Data Analysis (Firecracker)

curl -X POST http://localhost:8080/api/v1/tasks -d '{
  "query": "Load the CSV from /workspace/data.csv, compute summary statistics, and save results to /workspace/stats.json",
  "context": {
    "python_executor_mode": "firecracker",
    "role": "data_analyst"
  }
}'

Multi-Step with Persistence

  1. First task writes data:
curl -X POST http://localhost:8080/api/v1/tasks -d '{
  "query": "Generate sample data with 1000 rows and save to /workspace/sample.csv",
  "session_id": "analysis-session-1"
}'
  1. Second task reads and processes:
curl -X POST http://localhost:8080/api/v1/tasks -d '{
  "query": "Read /workspace/sample.csv and compute the mean of each column",
  "session_id": "analysis-session-1"
}'

Firecracker Setup (Production)

Firecracker requires a KVM-enabled host (bare-metal EC2, dedicated host).

Prerequisites

# Check KVM availability
ls -la /dev/kvm

# Download Firecracker binaries
./scripts/download_firecracker.sh

# Setup host environment
./scripts/setup_firecracker_host.sh

# Build rootfs with data science packages
./scripts/build_firecracker_rootfs.sh

Required Infrastructure

Component Location
Firecracker binary /usr/local/bin/firecracker
Jailer binary /usr/local/bin/jailer
Kernel /var/lib/firecracker/kernel/vmlinux
Rootfs /var/lib/firecracker/images/python-datascience.ext4
Jailer dir /srv/jailer/

Troubleshooting

WASI: "Module uses more memory than allowed"

Increase memory limit:

export WASI_MEMORY_LIMIT_MB=512

WASI: "Out of fuel"

Long-running computation exceeded instruction limit. Use Firecracker for heavy workloads:

{"context": {"python_executor_mode": "firecracker"}}

Firecracker: "KVM not available"

Firecracker requires hardware virtualization. Check:

ls -la /dev/kvm
# Should show crw-rw---- root kvm /dev/kvm

If missing, you need a KVM-enabled host (EC2 bare-metal, dedicated instance).

Workspace: "File not found"

Verify session ID is consistent across requests:

# Both requests must use same session_id
curl -X POST ... -d '{"session_id": "my-session", ...}'

Workspace: "Permission denied"

Files must be written to /workspace/, not elsewhere:

# Correct
open('/workspace/output.txt', 'w')

# Wrong - will fail
open('/tmp/output.txt', 'w')

Known Limitations

  1. WASI stdlib only: No pip packages in WASI mode. Use Firecracker for numpy/pandas.

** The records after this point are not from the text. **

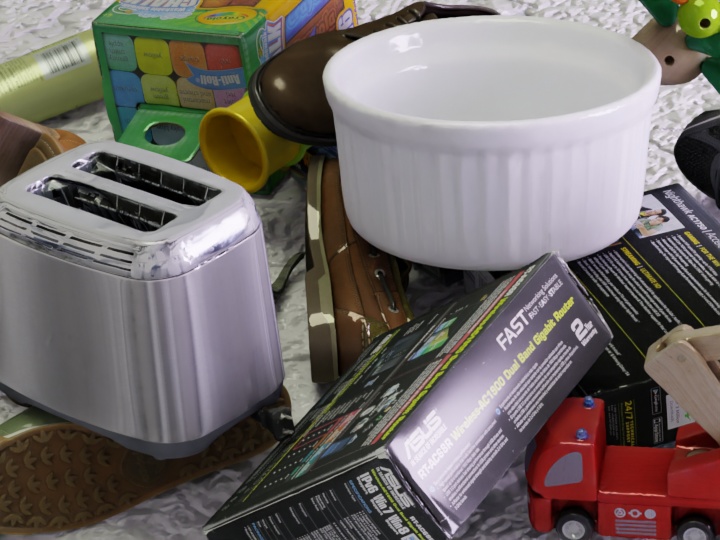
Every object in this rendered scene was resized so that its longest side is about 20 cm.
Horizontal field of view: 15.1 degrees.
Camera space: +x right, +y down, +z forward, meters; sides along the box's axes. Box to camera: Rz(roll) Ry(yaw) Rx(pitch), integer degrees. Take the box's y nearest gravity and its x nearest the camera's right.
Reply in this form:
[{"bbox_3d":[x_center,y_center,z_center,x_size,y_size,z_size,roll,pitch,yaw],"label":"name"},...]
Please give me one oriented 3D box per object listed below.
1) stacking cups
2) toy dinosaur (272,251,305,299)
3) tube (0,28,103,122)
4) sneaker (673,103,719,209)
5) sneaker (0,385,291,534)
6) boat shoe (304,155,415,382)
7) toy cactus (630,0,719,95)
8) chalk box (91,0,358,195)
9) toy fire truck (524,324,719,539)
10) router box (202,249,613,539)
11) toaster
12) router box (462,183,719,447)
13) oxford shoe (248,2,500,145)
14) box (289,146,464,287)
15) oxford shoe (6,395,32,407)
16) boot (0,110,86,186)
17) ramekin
[{"bbox_3d":[-0.019,-0.121,1.790,0.060,0.061,0.200,18,39,37],"label":"stacking cups"},{"bbox_3d":[-0.094,0.021,1.642,0.088,0.048,0.200,-30,-5,15],"label":"toy dinosaur"},{"bbox_3d":[-0.274,-0.116,1.944,0.199,0.052,0.058,-23,-8,-16],"label":"tube"},{"bbox_3d":[0.252,-0.040,1.647,0.086,0.081,0.200,-26,34,-25],"label":"sneaker"},{"bbox_3d":[-0.145,0.090,1.549,0.199,0.067,0.090,-16,25,-15],"label":"sneaker"},{"bbox_3d":[0.000,0.000,1.662,0.068,0.072,0.201,-3,40,0],"label":"boat shoe"},{"bbox_3d":[0.209,-0.150,1.634,0.103,0.200,0.165,-57,15,-19],"label":"toy cactus"},{"bbox_3d":[-0.098,-0.136,1.851,0.124,0.125,0.200,7,34,26],"label":"chalk box"},{"bbox_3d":[0.182,0.076,1.404,0.199,0.142,0.049,3,32,12],"label":"toy fire truck"},{"bbox_3d":[0.028,0.085,1.443,0.150,0.062,0.200,-28,13,43],"label":"router box"},{"bbox_3d":[-0.122,0.014,1.476,0.199,0.130,0.113,20,37,37],"label":"toaster"},{"bbox_3d":[0.162,0.026,1.583,0.148,0.051,0.200,-14,31,-13],"label":"router box"},{"bbox_3d":[0.013,-0.136,1.725,0.199,0.073,0.084,-22,-13,-40],"label":"oxford shoe"},{"bbox_3d":[0.058,-0.065,1.775,0.136,0.040,0.200,-23,33,-23],"label":"box"},{"bbox_3d":[-0.219,0.042,1.645,0.084,0.073,0.200,-16,19,-6],"label":"oxford shoe"},{"bbox_3d":[-0.157,-0.029,1.689,0.155,0.077,0.200,24,6,-33],"label":"boot"},{"bbox_3d":[0.078,-0.076,1.614,0.199,0.098,0.201,-2,22,1],"label":"ramekin"}]
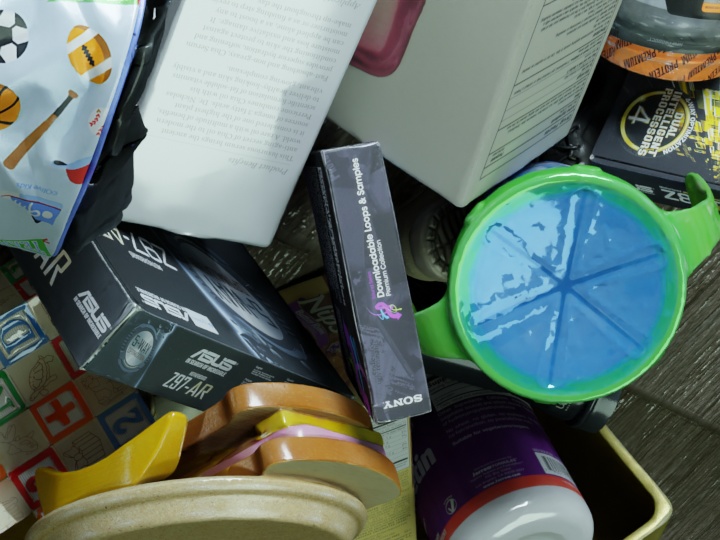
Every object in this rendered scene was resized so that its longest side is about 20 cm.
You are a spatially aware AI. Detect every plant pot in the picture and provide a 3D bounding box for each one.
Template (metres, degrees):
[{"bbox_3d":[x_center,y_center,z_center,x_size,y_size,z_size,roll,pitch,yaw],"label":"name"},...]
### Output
[{"bbox_3d":[0.128,0.208,1.252,0.194,0.196,0.200,-35,155,-5],"label":"plant pot"}]

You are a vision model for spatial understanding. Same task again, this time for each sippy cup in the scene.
[{"bbox_3d":[0.115,-0.006,0.889,0.177,0.130,0.140,13,106,-4],"label":"sippy cup"}]

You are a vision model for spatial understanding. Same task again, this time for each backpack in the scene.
[{"bbox_3d":[-0.152,-0.107,0.627,0.153,0.191,0.200,4,129,-23],"label":"backpack"}]

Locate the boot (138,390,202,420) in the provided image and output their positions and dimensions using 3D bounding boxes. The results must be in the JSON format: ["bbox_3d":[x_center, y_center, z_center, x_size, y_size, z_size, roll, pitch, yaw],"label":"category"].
[{"bbox_3d":[-0.145,0.081,0.953,0.155,0.072,0.200,-51,143,14],"label":"boot"}]

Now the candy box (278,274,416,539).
[{"bbox_3d":[-0.008,0.108,1.062,0.056,0.117,0.200,-18,141,-12],"label":"candy box"}]

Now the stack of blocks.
[{"bbox_3d":[-0.179,0.101,0.860,0.115,0.059,0.200,-34,121,-14],"label":"stack of blocks"}]

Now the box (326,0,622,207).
[{"bbox_3d":[0.074,-0.159,0.814,0.128,0.109,0.200,-34,151,-45],"label":"box"}]

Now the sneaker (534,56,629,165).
[{"bbox_3d":[0.149,-0.061,1.003,0.091,0.076,0.201,24,69,-35],"label":"sneaker"}]

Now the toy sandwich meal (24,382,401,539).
[{"bbox_3d":[-0.085,0.123,0.810,0.204,0.071,0.205,-6,155,-3],"label":"toy sandwich meal"}]

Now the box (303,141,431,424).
[{"bbox_3d":[0.000,0.000,0.845,0.036,0.144,0.200,-12,-175,-3],"label":"box"}]

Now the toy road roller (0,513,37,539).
[{"bbox_3d":[-0.216,0.257,1.019,0.123,0.146,0.200,-47,145,13],"label":"toy road roller"}]

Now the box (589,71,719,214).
[{"bbox_3d":[0.256,-0.126,0.936,0.201,0.161,0.049,-63,148,-14],"label":"box"}]

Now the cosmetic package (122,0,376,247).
[{"bbox_3d":[-0.064,-0.119,0.765,0.101,0.071,0.200,10,118,-30],"label":"cosmetic package"}]

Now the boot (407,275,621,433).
[{"bbox_3d":[0.094,0.030,1.089,0.168,0.200,0.077,22,114,-13],"label":"boot"}]

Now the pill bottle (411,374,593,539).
[{"bbox_3d":[0.085,0.141,1.102,0.112,0.200,0.113,-12,132,-14],"label":"pill bottle"}]

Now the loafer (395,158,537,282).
[{"bbox_3d":[0.083,-0.042,1.022,0.200,0.068,0.076,-19,105,-48],"label":"loafer"}]

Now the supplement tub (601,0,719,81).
[{"bbox_3d":[0.195,-0.219,0.856,0.122,0.123,0.201,-14,132,-31],"label":"supplement tub"}]

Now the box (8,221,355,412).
[{"bbox_3d":[-0.108,0.010,0.825,0.044,0.160,0.200,-46,144,11],"label":"box"}]
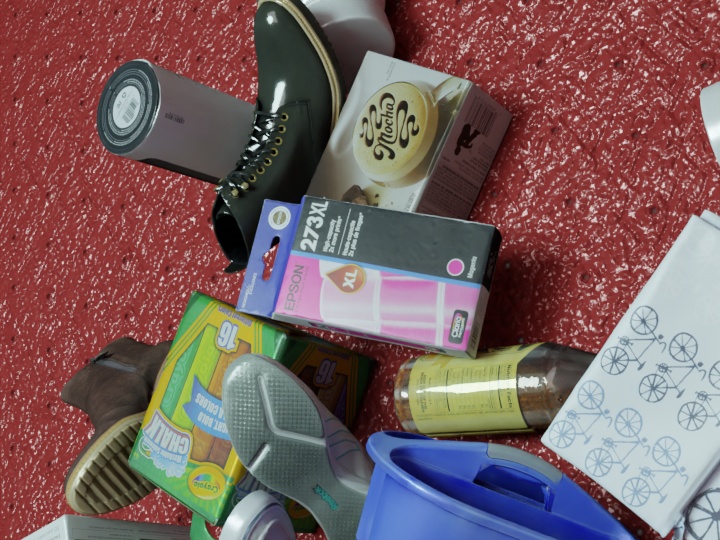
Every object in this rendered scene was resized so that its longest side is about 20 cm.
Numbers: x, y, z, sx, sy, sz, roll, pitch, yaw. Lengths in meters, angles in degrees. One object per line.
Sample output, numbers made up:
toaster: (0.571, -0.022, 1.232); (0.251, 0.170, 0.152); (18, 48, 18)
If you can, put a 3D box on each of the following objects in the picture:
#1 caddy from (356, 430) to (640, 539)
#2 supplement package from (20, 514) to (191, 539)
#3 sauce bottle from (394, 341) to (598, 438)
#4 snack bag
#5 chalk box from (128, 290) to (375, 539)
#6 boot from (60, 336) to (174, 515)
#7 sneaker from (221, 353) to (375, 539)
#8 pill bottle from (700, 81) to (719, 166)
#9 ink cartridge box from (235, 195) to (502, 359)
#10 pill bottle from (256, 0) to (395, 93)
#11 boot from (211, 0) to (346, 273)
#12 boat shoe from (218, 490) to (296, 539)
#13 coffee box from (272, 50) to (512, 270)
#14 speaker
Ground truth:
caddy: (0.089, 0.167, 0.698); (0.198, 0.141, 0.106); (21, 95, -5)
supplement package: (-0.256, 0.306, 0.935); (0.199, 0.155, 0.112); (-32, 60, 25)
sauce bottle: (0.122, 0.086, 0.775); (0.198, 0.066, 0.067); (-8, 71, 29)
snack bag: (0.242, 0.093, 0.671); (0.199, 0.021, 0.189); (38, 101, 21)
chalk box: (-0.097, 0.139, 0.886); (0.124, 0.124, 0.202); (19, 88, 40)
boot: (-0.224, 0.135, 0.974); (0.165, 0.073, 0.200); (4, 37, 42)
sneaker: (-0.036, 0.139, 0.806); (0.070, 0.201, 0.080); (-35, 17, 7)
pill bottle: (0.317, -0.115, 0.654); (0.199, 0.112, 0.114); (-21, 64, 31)
ink cartridge box: (0.000, 0.000, 0.804); (0.198, 0.037, 0.096); (10, 78, 22)
pill bottle: (-0.043, -0.267, 0.977); (0.113, 0.113, 0.201); (-34, 58, 24)
boot: (-0.077, -0.109, 0.877); (0.077, 0.138, 0.202); (8, 122, 43)
boat shoe: (-0.055, 0.245, 0.804); (0.065, 0.201, 0.074); (21, 50, 30)
coffee box: (0.026, -0.063, 0.882); (0.112, 0.080, 0.202); (25, 92, 37)
speaker: (-0.128, -0.117, 0.941); (0.081, 0.199, 0.082); (-8, 76, 37)
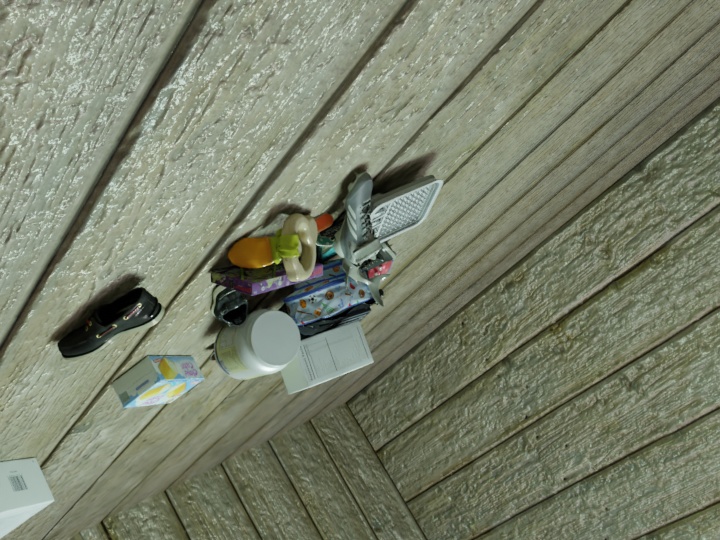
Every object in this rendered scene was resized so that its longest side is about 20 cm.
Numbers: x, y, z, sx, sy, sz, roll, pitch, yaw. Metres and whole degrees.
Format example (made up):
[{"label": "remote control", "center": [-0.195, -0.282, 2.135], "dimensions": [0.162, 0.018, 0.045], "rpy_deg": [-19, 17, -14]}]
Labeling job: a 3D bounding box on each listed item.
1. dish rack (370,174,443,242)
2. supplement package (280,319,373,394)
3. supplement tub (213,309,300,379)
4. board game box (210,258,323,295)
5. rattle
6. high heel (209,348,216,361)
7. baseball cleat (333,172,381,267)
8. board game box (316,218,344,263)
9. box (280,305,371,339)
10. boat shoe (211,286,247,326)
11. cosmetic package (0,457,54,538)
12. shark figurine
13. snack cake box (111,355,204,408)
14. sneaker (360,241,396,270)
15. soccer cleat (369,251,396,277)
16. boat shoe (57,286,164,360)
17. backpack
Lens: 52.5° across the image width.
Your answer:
[{"label": "dish rack", "center": [0.075, -0.130, 1.572], "dimensions": [0.198, 0.044, 0.172], "rpy_deg": [-25, 156, -27]}, {"label": "supplement package", "center": [-0.089, 0.209, 1.767], "dimensions": [0.198, 0.115, 0.109], "rpy_deg": [-15, 172, -37]}, {"label": "supplement tub", "center": [-0.236, 0.168, 1.666], "dimensions": [0.144, 0.147, 0.199], "rpy_deg": [-22, 180, -36]}, {"label": "board game box", "center": [-0.182, 0.005, 1.439], "dimensions": [0.119, 0.033, 0.199], "rpy_deg": [9, -164, 38]}, {"label": "rattle", "center": [-0.144, -0.053, 1.423], "dimensions": [0.142, 0.131, 0.201], "rpy_deg": [-20, -157, 23]}, {"label": "high heel", "center": [-0.281, 0.171, 1.805], "dimensions": [0.199, 0.072, 0.142], "rpy_deg": [-35, 175, 42]}, {"label": "baseball cleat", "center": [0.009, -0.095, 1.439], "dimensions": [0.070, 0.106, 0.201], "rpy_deg": [-35, 153, -40]}, {"label": "board game box", "center": [-0.009, -0.094, 1.637], "dimensions": [0.199, 0.028, 0.135], "rpy_deg": [-30, 165, -16]}, {"label": "box", "center": [-0.113, 0.129, 1.937], "dimensions": [0.199, 0.124, 0.198], "rpy_deg": [-14, 156, -50]}, {"label": "boat shoe", "center": [-0.274, 0.086, 1.568], "dimensions": [0.074, 0.066, 0.200], "rpy_deg": [-29, 165, -22]}, {"label": "cosmetic package", "center": [-0.858, 0.542, 1.669], "dimensions": [0.199, 0.124, 0.199], "rpy_deg": [-34, 165, 6]}, {"label": "shark figurine", "center": [-0.010, 0.008, 1.583], "dimensions": [0.126, 0.090, 0.215], "rpy_deg": [3, 152, 11]}, {"label": "snack cake box", "center": [-0.468, 0.257, 1.701], "dimensions": [0.115, 0.068, 0.200], "rpy_deg": [-37, 165, 10]}, {"label": "sneaker", "center": [0.025, -0.032, 1.787], "dimensions": [0.106, 0.075, 0.200], "rpy_deg": [-32, 173, -3]}, {"label": "soccer cleat", "center": [0.037, 0.014, 2.018], "dimensions": [0.076, 0.067, 0.200], "rpy_deg": [-28, 162, -36]}, {"label": "boat shoe", "center": [-0.437, 0.089, 1.252], "dimensions": [0.200, 0.074, 0.063], "rpy_deg": [-25, 128, 9]}, {"label": "backpack", "center": [-0.081, 0.059, 1.687], "dimensions": [0.199, 0.155, 0.190], "rpy_deg": [-27, -178, 41]}]
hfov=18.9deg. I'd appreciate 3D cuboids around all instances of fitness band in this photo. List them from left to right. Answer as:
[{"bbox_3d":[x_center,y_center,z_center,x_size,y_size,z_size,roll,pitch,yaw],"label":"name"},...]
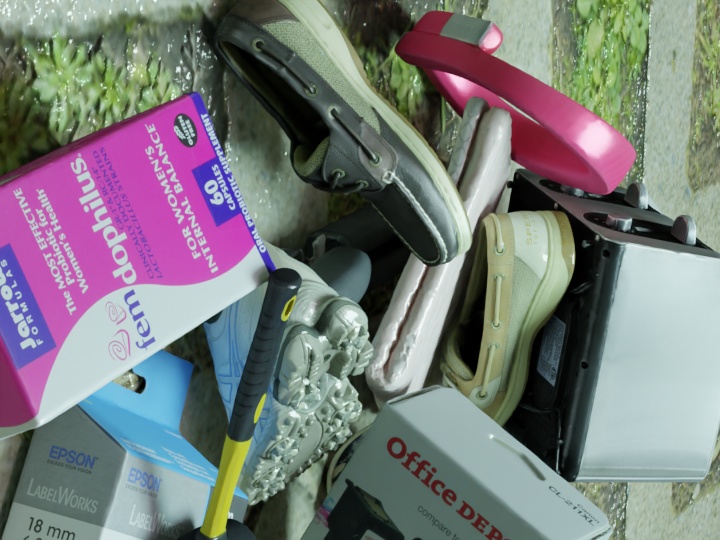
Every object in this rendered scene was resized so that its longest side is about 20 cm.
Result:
[{"bbox_3d":[0.097,-0.105,1.377,0.143,0.200,0.038,41,85,-24],"label":"fitness band"}]

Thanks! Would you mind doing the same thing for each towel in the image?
[{"bbox_3d":[0.050,-0.002,1.387,0.200,0.032,0.192,68,44,-79],"label":"towel"}]

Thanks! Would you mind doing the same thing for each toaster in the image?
[{"bbox_3d":[0.163,0.046,1.468,0.118,0.181,0.202,4,106,-18],"label":"toaster"}]

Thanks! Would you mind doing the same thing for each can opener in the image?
[{"bbox_3d":[0.000,0.000,1.343,0.200,0.066,0.054,-30,125,-56],"label":"can opener"}]

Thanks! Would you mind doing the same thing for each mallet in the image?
[{"bbox_3d":[-0.068,0.092,1.081,0.066,0.041,0.201,-34,145,-49],"label":"mallet"}]

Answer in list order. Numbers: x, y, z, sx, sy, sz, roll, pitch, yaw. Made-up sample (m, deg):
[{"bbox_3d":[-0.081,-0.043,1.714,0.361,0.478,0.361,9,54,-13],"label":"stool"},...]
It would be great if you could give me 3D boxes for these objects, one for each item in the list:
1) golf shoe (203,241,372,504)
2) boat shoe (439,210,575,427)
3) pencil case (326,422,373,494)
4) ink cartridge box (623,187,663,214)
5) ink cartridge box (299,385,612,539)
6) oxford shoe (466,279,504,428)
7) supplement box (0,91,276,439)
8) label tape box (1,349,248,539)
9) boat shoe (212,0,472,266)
[{"bbox_3d":[-0.051,0.055,1.242,0.078,0.097,0.201,-29,155,-29],"label":"golf shoe"},{"bbox_3d":[0.081,0.039,1.431,0.201,0.063,0.074,113,-27,-44],"label":"boat shoe"},{"bbox_3d":[0.055,0.160,1.480,0.200,0.089,0.078,36,27,-60],"label":"pencil case"},{"bbox_3d":[0.191,0.044,1.727,0.116,0.066,0.202,38,65,-61],"label":"ink cartridge box"},{"bbox_3d":[0.035,0.193,1.310,0.201,0.145,0.083,-59,159,19],"label":"ink cartridge box"},{"bbox_3d":[0.107,0.069,1.599,0.075,0.070,0.202,-132,-145,-76],"label":"oxford shoe"},{"bbox_3d":[-0.143,0.002,1.002,0.200,0.103,0.102,-35,103,-53],"label":"supplement box"},{"bbox_3d":[-0.124,0.136,1.153,0.144,0.063,0.202,33,70,-62],"label":"label tape box"},{"bbox_3d":[-0.014,-0.076,1.243,0.065,0.073,0.200,-43,102,-24],"label":"boat shoe"}]
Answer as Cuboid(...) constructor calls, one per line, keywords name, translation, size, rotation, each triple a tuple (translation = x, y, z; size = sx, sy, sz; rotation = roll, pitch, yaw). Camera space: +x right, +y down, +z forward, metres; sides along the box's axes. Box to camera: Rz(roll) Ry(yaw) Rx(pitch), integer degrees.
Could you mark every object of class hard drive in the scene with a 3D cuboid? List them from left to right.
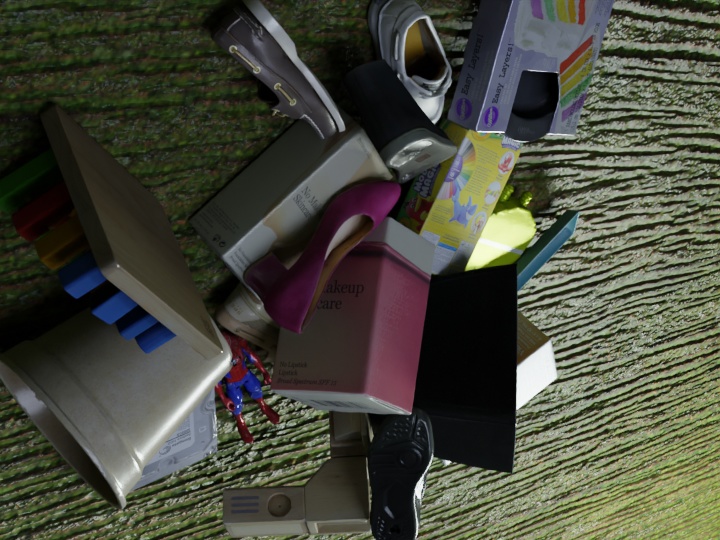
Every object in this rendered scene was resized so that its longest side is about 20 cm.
Cuboid(name="hard drive", translation=(-0.230, 0.157, 1.685), size=(0.139, 0.038, 0.200), rotation=(-22, 139, -24))

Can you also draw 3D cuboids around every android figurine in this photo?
Cuboid(name="android figurine", translation=(0.148, -0.022, 1.904), size=(0.182, 0.041, 0.200), rotation=(11, 117, -50))

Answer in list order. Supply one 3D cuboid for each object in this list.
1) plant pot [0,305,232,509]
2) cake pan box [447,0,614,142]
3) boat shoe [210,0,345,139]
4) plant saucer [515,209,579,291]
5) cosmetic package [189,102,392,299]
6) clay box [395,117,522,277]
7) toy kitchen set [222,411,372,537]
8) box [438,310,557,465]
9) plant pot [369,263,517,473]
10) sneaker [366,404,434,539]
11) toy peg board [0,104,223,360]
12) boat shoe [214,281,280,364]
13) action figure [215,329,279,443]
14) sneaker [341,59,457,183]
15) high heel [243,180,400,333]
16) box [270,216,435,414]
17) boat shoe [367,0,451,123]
Cuboid(name="plant pot", translation=(-0.236, 0.104, 1.507), size=(0.183, 0.200, 0.201), rotation=(-41, 146, -19))
Cuboid(name="cake pan box", translation=(0.195, -0.246, 1.691), size=(0.184, 0.052, 0.201), rotation=(-1, 113, -43))
Cuboid(name="boat shoe", translation=(-0.079, -0.189, 1.476), size=(0.059, 0.072, 0.200), rotation=(-39, 141, 0))
Cuboid(name="plant saucer", translation=(0.214, -0.001, 1.960), size=(0.200, 0.019, 0.070), rotation=(-46, 163, -17))
Cuboid(name="cosmetic package", translation=(-0.072, -0.076, 1.593), size=(0.200, 0.071, 0.105), rotation=(-43, 145, -4))
Cuboid(name="clay box", translation=(0.112, -0.093, 1.767), size=(0.115, 0.048, 0.201), rotation=(17, 100, -51))
Cuboid(name="toy kitchen set", translation=(-0.076, 0.202, 1.801), size=(0.180, 0.201, 0.163), rotation=(-3, 157, 2))
Cuboid(name="box", translation=(0.143, 0.138, 1.987), size=(0.200, 0.124, 0.098), rotation=(-37, 144, -14))
Cuboid(name="plant pot", translation=(0.100, 0.119, 1.808), size=(0.177, 0.200, 0.200), rotation=(1, 155, 4))
Cuboid(name="sneaker", translation=(0.046, 0.215, 1.752), size=(0.076, 0.114, 0.200), rotation=(2, 128, 1))
Cuboid(name="toy peg board", translation=(-0.241, -0.012, 1.387), size=(0.098, 0.200, 0.200), rotation=(-32, 146, 7))
Cuboid(name="boat shoe", translation=(-0.097, 0.070, 1.723), size=(0.064, 0.071, 0.200), rotation=(-40, 140, 7))
Cuboid(name="action figure", translation=(-0.140, 0.130, 1.753), size=(0.065, 0.052, 0.200), rotation=(-32, 141, -11))
Cuboid(name="sneaker", translation=(0.043, -0.161, 1.590), size=(0.075, 0.107, 0.200), rotation=(-29, 171, 6))
Cuboid(name="high heel", translation=(-0.019, -0.016, 1.559), size=(0.200, 0.096, 0.067), rotation=(-32, 144, -19))
Cuboid(name="box", translation=(-0.007, 0.051, 1.660), size=(0.109, 0.127, 0.201), rotation=(29, 65, -54))
Cuboid(name="boat shoe", translation=(0.063, -0.212, 1.598), size=(0.071, 0.070, 0.200), rotation=(-36, 144, -15))

  2. Firecracker requires KVM: Cannot run in containers or on macOS. Use WASI for local development.

  3. No network in sandbox: Neither backend has network access. Use web_search tool for web requests.

  4. Workspace quota enforcement: Direct WASI writes bypass quota checks. Mitigated by time-limited sessions.

  5. Firecracker pool cold start: First request may be slow if pool is empty. Configure pool_warm_count appropriately.